And Cussler has this tendency to forget his own continuity, which I find a tad annoying. For example, in one book, Night Probe (one of my favourite, actually), he has Canada join the United States as one super-nation. This, though, is ignored in every subsequent book.
I’d say the series jumped the shark when Dirk Pitt’s grown twin children, Dirk Pitt Jr. (seriously) and Summer Pitt, suddenly popped up. I admire Cussler’s admission that his main character was getting too old to be an action hero (Pitt’s service in Vietnam dates him), but the explanation for where these children came from defied logic. I won’t spoil it here … wait, I will. They were the children Pitt fathered with a woman he didn’t have time to sleep with, because they were on an underwater island and her crazy father was trying to kill him, and she died instead. Seriously.

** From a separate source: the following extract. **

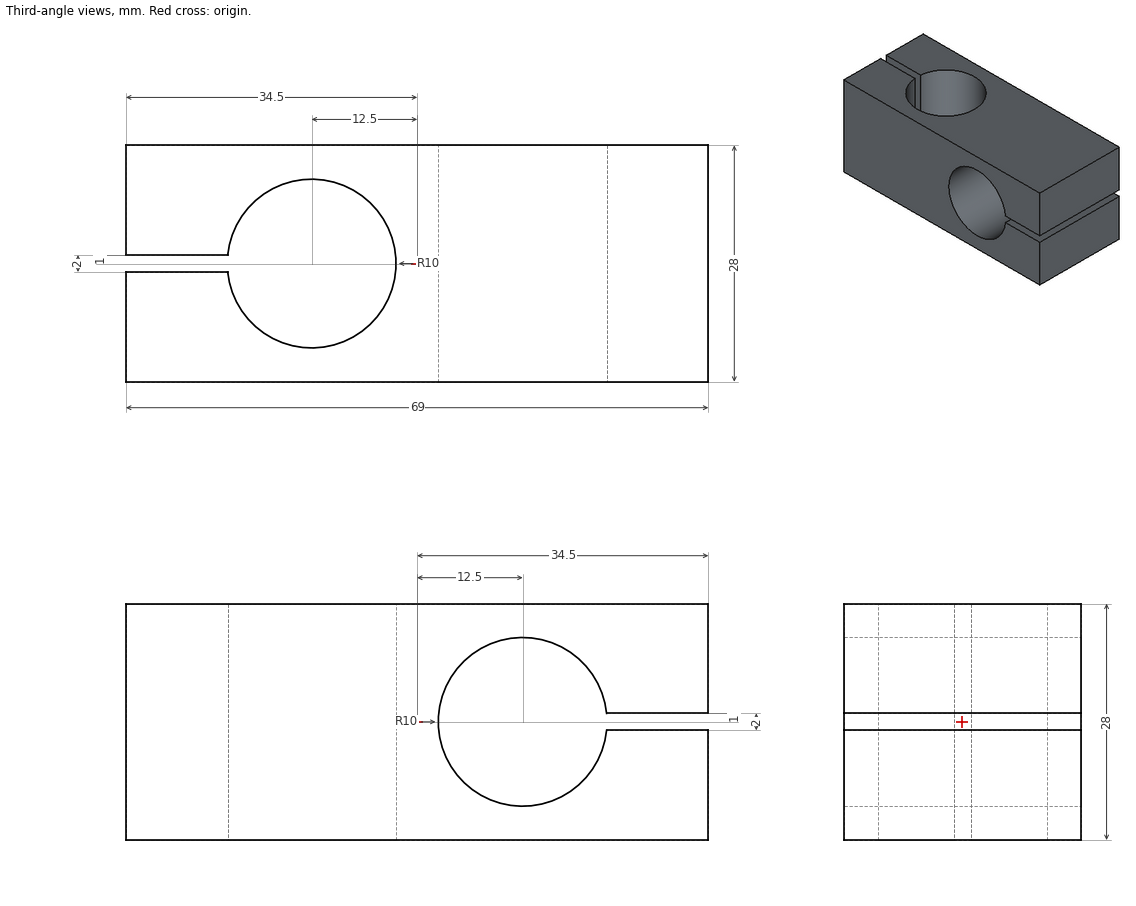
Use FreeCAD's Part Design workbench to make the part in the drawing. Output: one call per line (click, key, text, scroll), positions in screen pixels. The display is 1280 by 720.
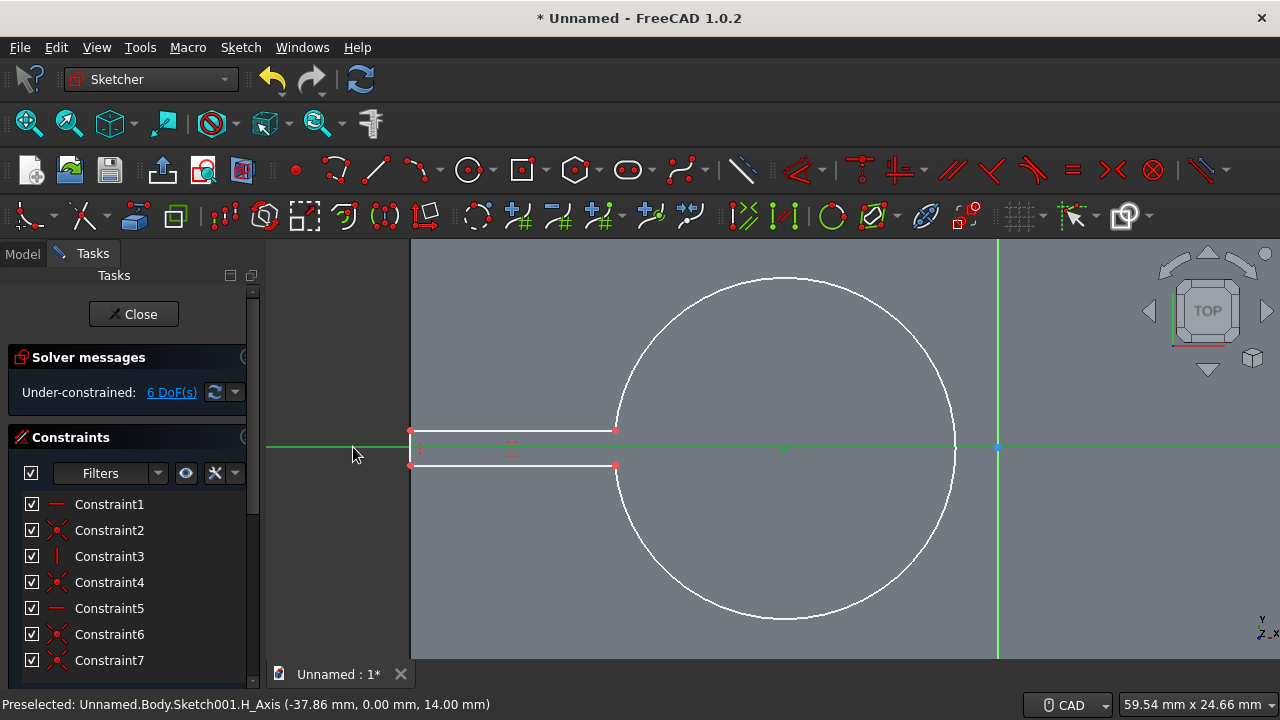
click(860, 170)

Anyway. I haven’t read the last half-dozen Dirk Pitt novels. I tried one, and it was loaded with over-the-top bad stereotypes about the Chinese. Cussler — actually, the books are now written by his son, Dirk Cussler, seriously, who gets his name in smaller print on the covers — wrote the dialogue in a weird version of pidgin Chinese-English. Stupid.
I should note that Cussler has two spinoff series, written by other authors: The NUMA Files, by Paul Kemprecos, which are actually pretty good, if not very bright, and The Oregon Files, by Jack DuBrul (and originally by Craig Dirgo), which are also pretty good. And Cussler wrote a non-Pitt novel last year, The Chase, which I found to be a fun romp. He has written children’s books and co-authored two fascinating books about searching for shipwrecks.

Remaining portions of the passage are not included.